▸ Supplied entries
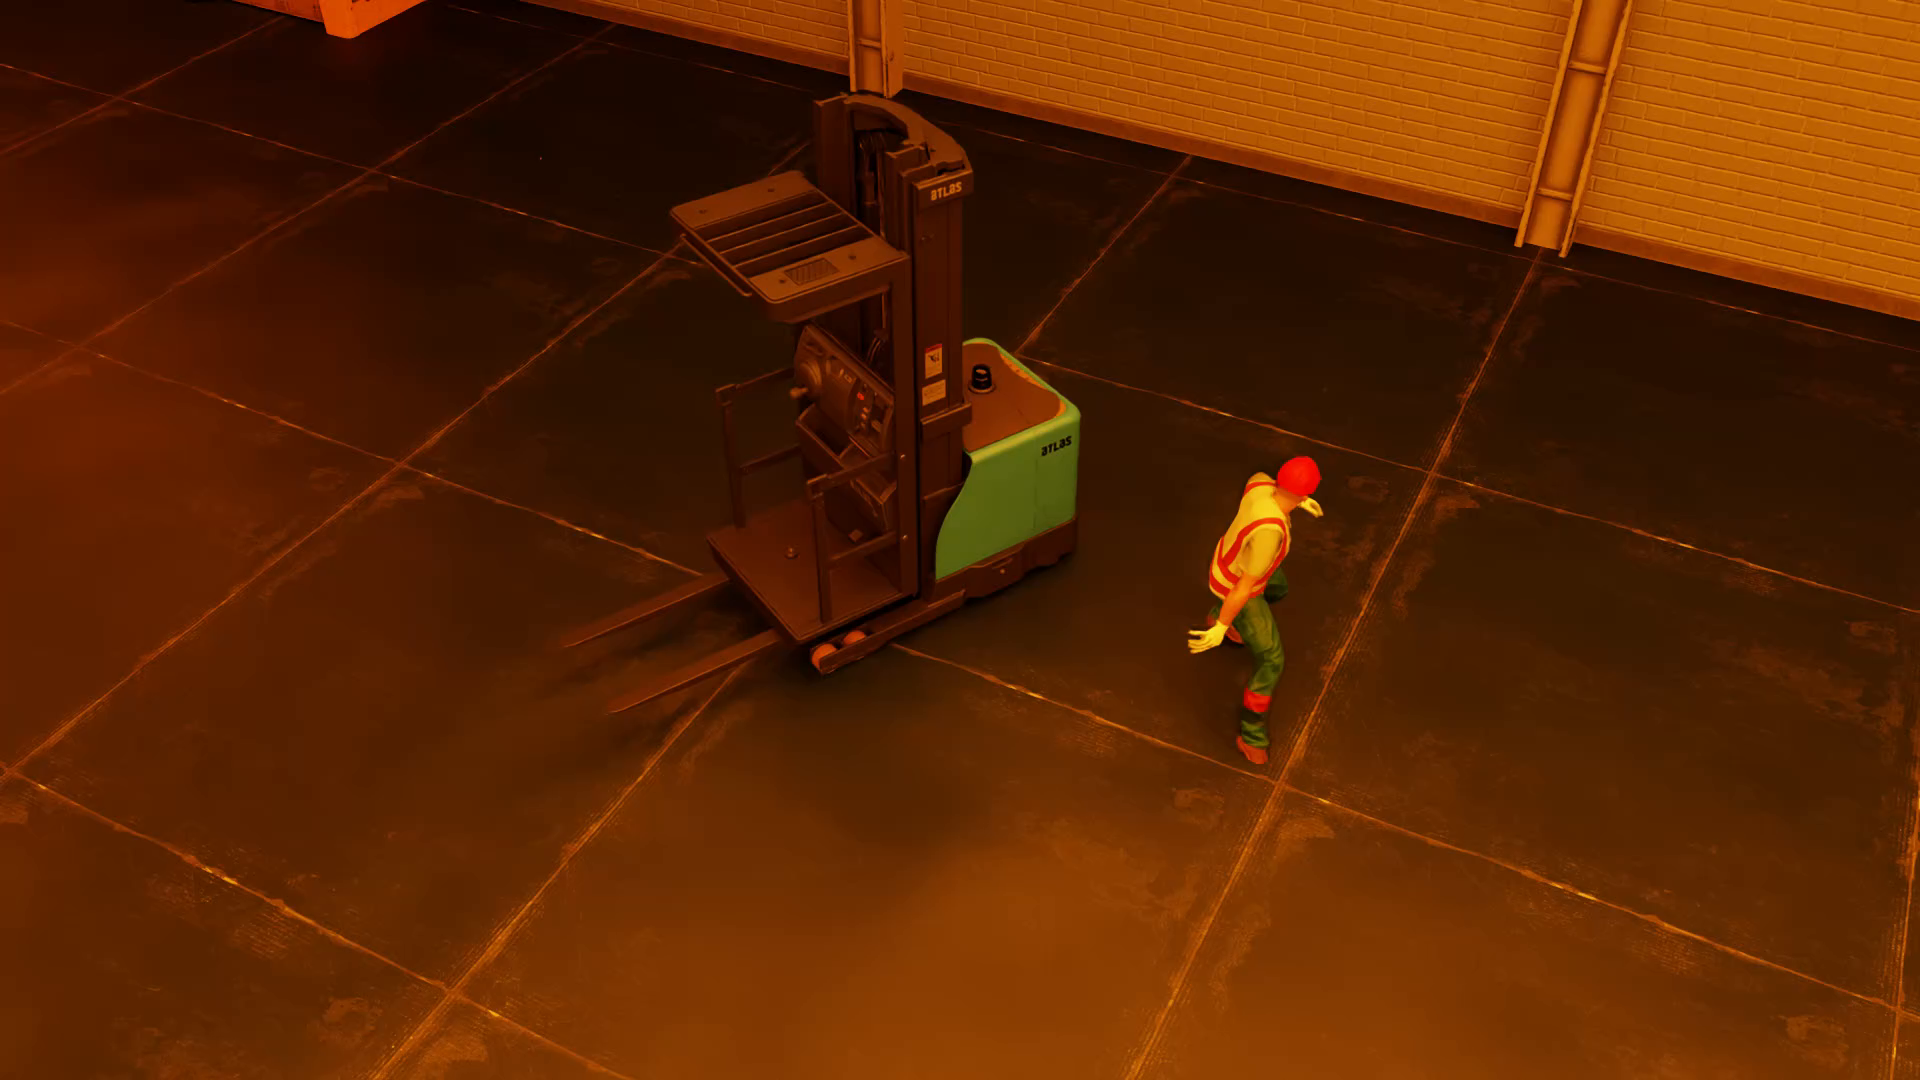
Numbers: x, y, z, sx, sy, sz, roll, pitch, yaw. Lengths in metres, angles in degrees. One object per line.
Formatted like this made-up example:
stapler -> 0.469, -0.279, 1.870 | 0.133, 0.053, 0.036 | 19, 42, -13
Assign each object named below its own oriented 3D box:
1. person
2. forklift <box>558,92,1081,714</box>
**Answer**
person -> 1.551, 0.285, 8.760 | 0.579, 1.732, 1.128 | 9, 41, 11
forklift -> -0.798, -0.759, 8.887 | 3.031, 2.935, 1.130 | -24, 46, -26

--

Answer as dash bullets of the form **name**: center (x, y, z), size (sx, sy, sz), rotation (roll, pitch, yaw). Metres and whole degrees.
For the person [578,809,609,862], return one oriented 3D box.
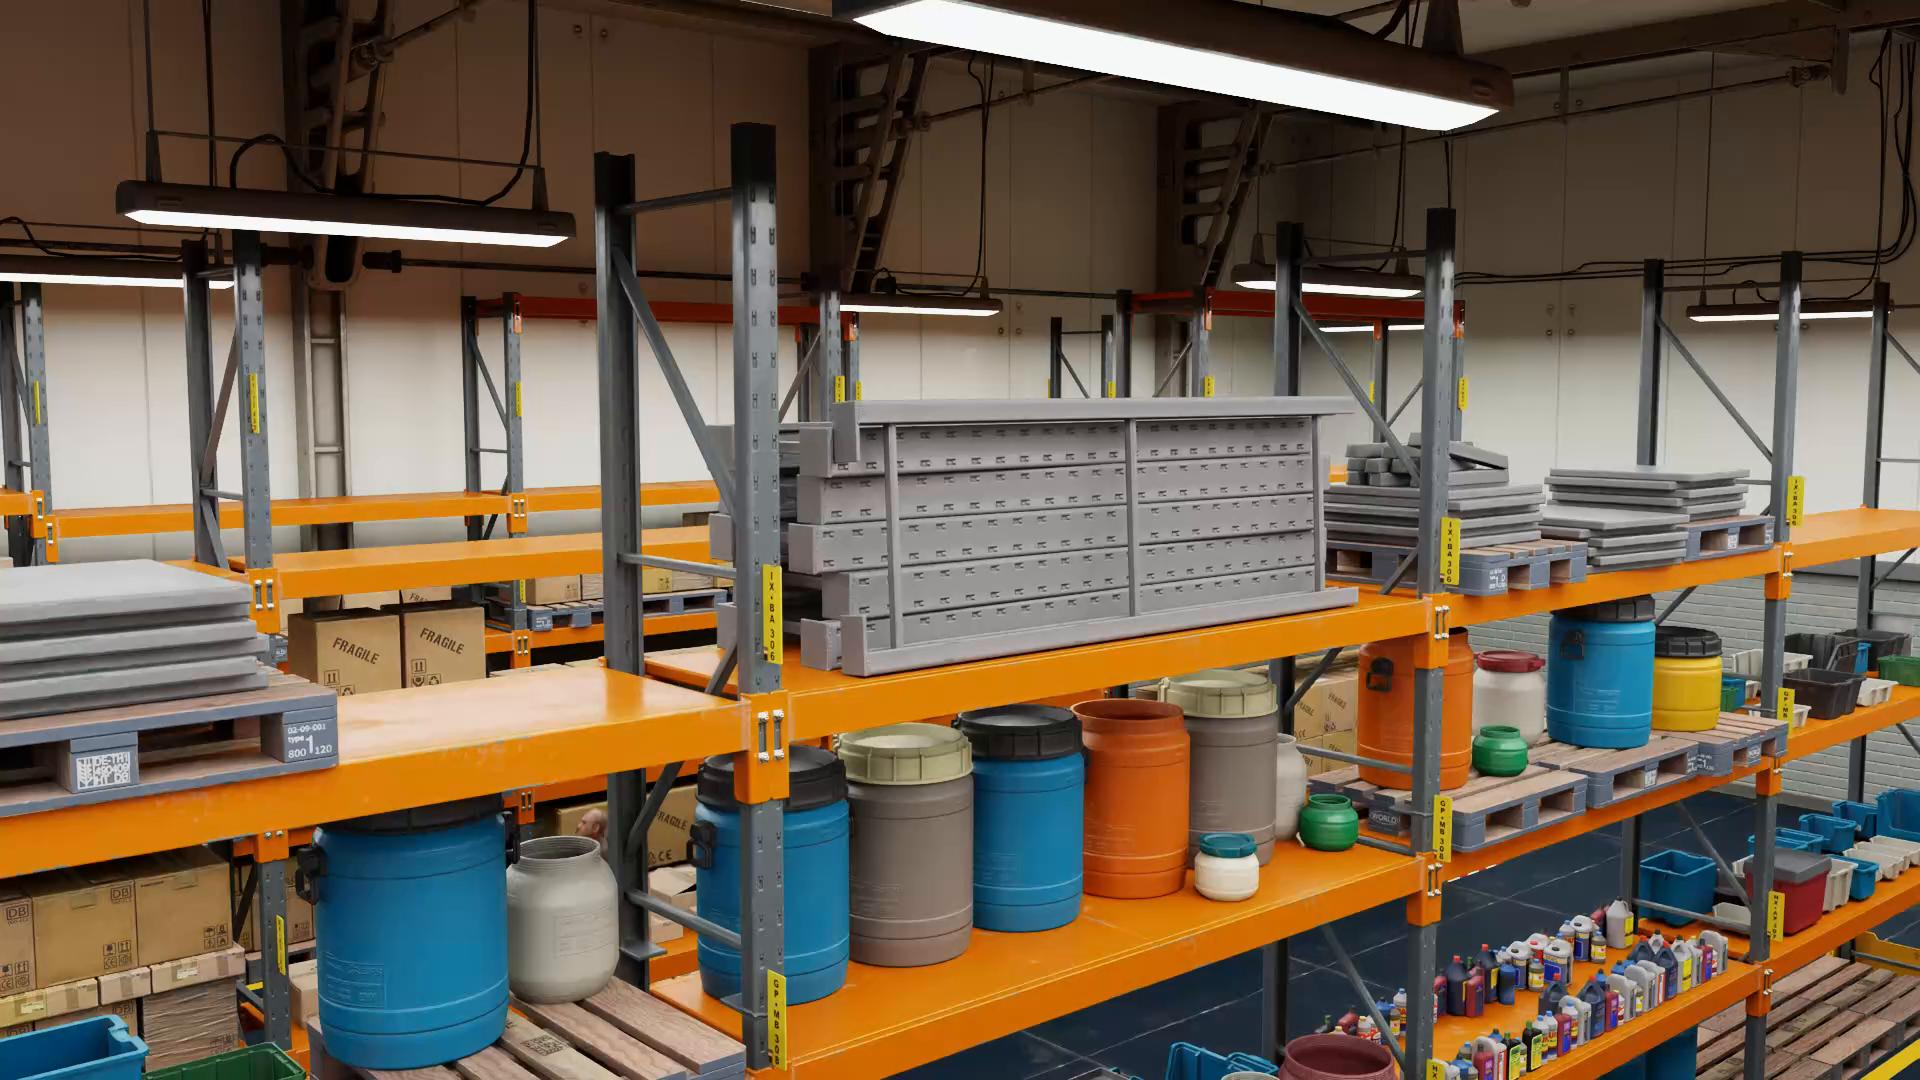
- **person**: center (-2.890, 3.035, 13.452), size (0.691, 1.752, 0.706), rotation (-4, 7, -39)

--

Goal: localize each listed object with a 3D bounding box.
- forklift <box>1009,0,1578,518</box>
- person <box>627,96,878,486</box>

▸ What is needed
Among the lines above, find the one with "Numbers: x, y, z, sx, sy, sz, roll, pitch, yaw." and the one with "2. forklift <box>558,92,1081,714</box>". Quote both and everything between them, exactly.

▸ Exercise output
Numbers: x, y, z, sx, sy, sz, roll, pitch, yaw. Lengths in metres, angles in degrees. One object per line.
Formatted like this made-up example:
stapler -> 0.469, -0.279, 1.870 | 0.133, 0.053, 0.036 | 19, 42, -13
Assign each object named below its own oriented 3D box:
1. person
2. forklift <box>558,92,1081,714</box>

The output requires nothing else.